Sulla mappa digitale del mondo è solo un puntino in mezzo all’oceano. Bisogna scorrere a lungo lo schermo partendo dall’Europa e ingrandire più volte l’immagine per trovare nel Pacifico meridionale l’isola di Pit­cairn. Sulle mappe tradizionali la si trova solo quando si sa dove cercare. E c’è davvero qualcosa da scoprire su questo puntino di 47 chilometri quadrati dove oggi vivono alcune decine di persone (negli ultimi anni il loro numero oscilla tra i trenta e i cinquanta). Quasi tutte hanno lo stesso cognome e sono discendenti dello stesso gruppo, quello dei ribelli della nave britannica Bounty e delle donne e degli uomini tahitiani che insieme a loro arrivarono sull’isola alla fine del diciottesimo secolo.

Qui non c’è un aeroporto o un porto in cui possa attraccare una nave di grandi dimensioni. Non c’è nemmeno una spiaggia raggiungibile comodamente con una barca. A Pit­cairn vive probabilmente la comunità meno numerosa del mondo, che si governa quasi come uno stato a sé, oltre a essere una delle ultime tracce dell’impero britannico nel Pacifico.

Si può arrivare sull’isola solo via mare. Di solito si passa dalla Polinesia Francese e poi attraverso centinaia di chilometri di oceano. Non esiste un servizio di traghetti regolare: i rifornimenti e i pochi passeggeri arrivano su una nave che fa questa rotta solo alcune volte all’ anno. Arrivata vicino all’isola, una lunga imbarcazione carica i passeggeri e la merce per poi dirigersi alla piccola baia di Bounty. Una volta sbarcati, per arrivare alla capitale, Adamstown, bisogna percorrere la ripida Hill of difficulty (la collina delle difficoltà).
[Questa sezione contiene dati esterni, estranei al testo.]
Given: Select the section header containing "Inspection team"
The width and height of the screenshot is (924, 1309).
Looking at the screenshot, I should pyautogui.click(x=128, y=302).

Ogni sbarco dipende dalle condizioni meteorologiche, dalle onde e dall’esperienza di chi conosce la baia. Ancora prima di partire ci si rende conto che nel caso di Pit­cairn “remoto” non è un aggettivo metaforico, ma indica un problema logistico: l’orario dell’unica nave, il numero di posti a bordo, le condizioni dell’oceano e le decisioni che la riguardano, spesso prese da persone che stanno lontano.

Una storia da mito

Il resto del mondo, se mai ha sentito parlare di Pit­cairn, lo ha fatto per un evento leggendario e adottato dalla cultura pop. Nel 1789, a bordo del vascello britannico Bounty di ritorno da Tahiti, ci fu quella che è considerata la più famosa rivolta nella storia della navigazione.
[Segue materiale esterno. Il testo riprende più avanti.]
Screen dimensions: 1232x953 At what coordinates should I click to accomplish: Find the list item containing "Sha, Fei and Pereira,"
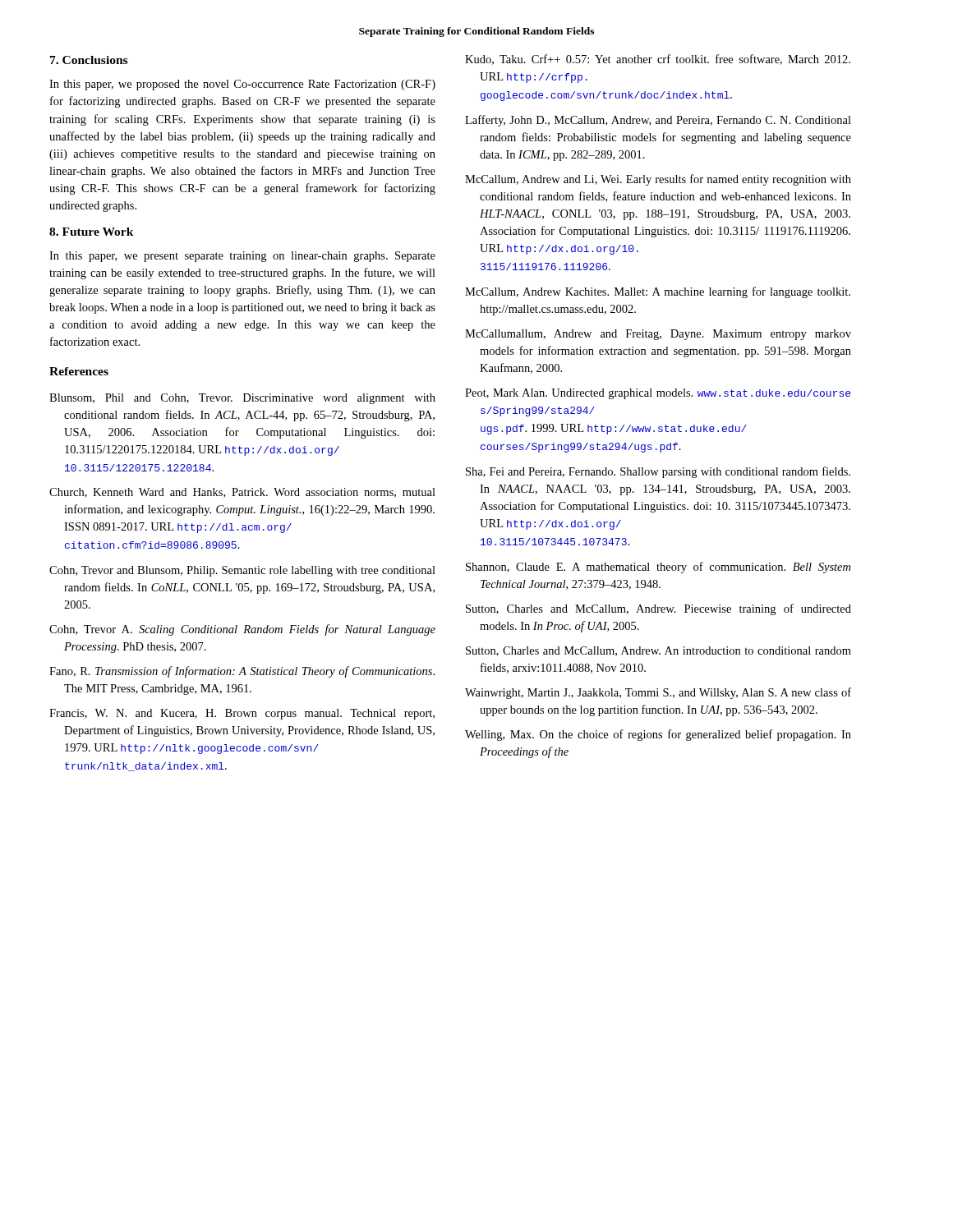[x=658, y=507]

Una parte dell’equipaggio, guidata dall’ufficiale Fletcher Christian, mise il capitano William Bligh e i marinai a lui fedeli su una barca e li abbandonò in mare aperto, mentre gli ammutinati tennero con loro sul Bounty una quindicina di abitanti di Tahiti e delle isole vicine.
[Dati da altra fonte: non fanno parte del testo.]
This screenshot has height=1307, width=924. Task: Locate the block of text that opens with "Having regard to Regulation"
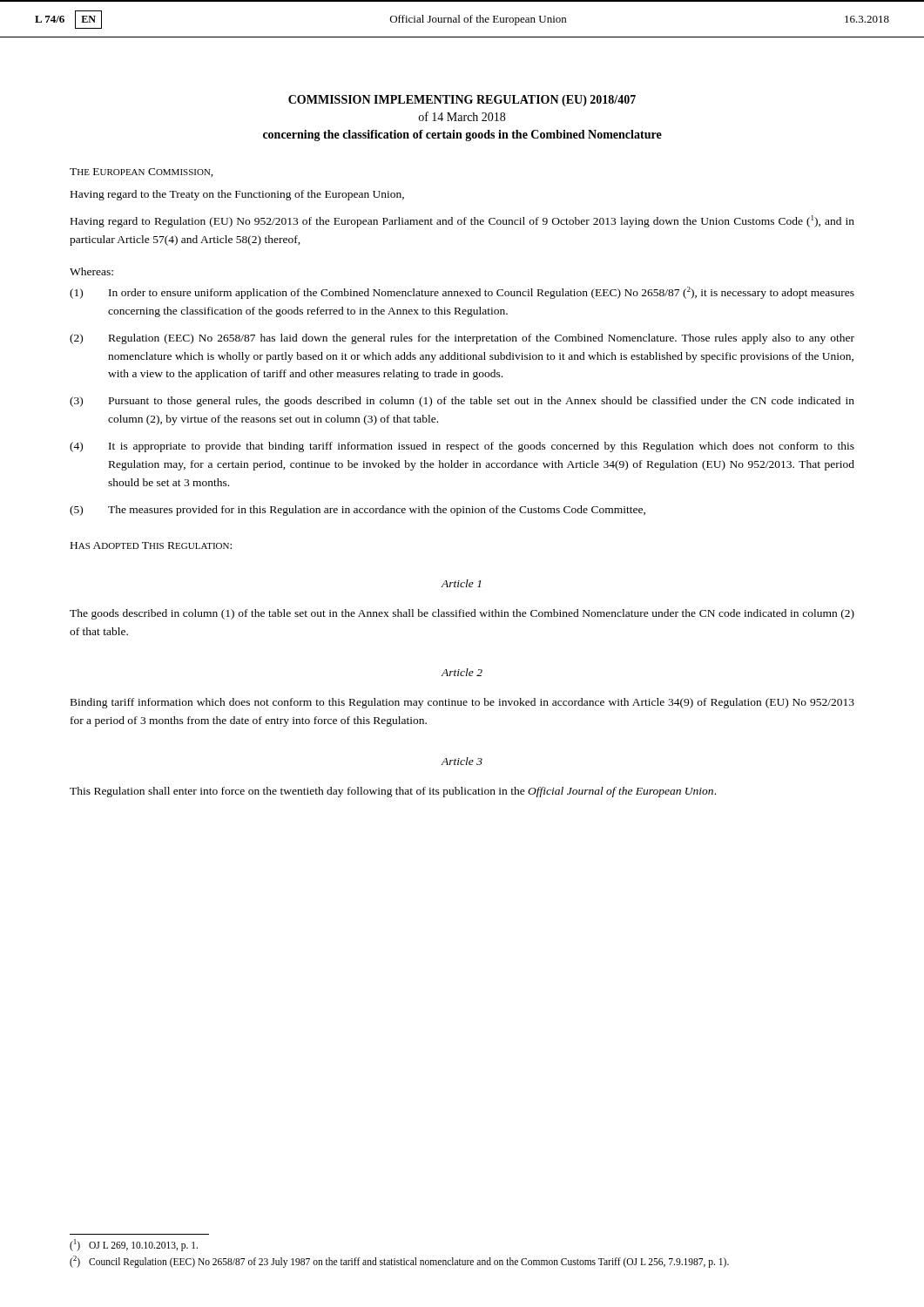tap(462, 229)

I ribelli e i tahitiani raggiunsero un’isola remota e disabitata: Pit­cairn. Bruciarono la nave (sigillando così l’irrevocabilità della decisione di ribellarsi: un reato per cui era prevista la pena di morte) e scomparvero dalle cronache europee per quasi vent’anni. Quando le navi europee navigando nel Pacifico s’imbatterono nell’insediamento di Pit­cairn, la maggior parte degli uomini che per primi avevano abitato l’isola era già morta e si scoprì che per anni quella comunità era stata segnata dalla violenza. Del gruppo dei ribelli n’era rimasto solo uno.

Gli attuali abitanti dell’isola sono i discendenti di quella comunità, formata dai ribelli del Bounty e da donne e uomini prelevati da Tahiti e da altre isole della Polinesia. Una storia che aveva tutti gli ingredienti per dare vita a un mito: il mare, l’ammutinamento, la fuga, la violenza, il mistero e una comunità nascosta agli occhi del mondo.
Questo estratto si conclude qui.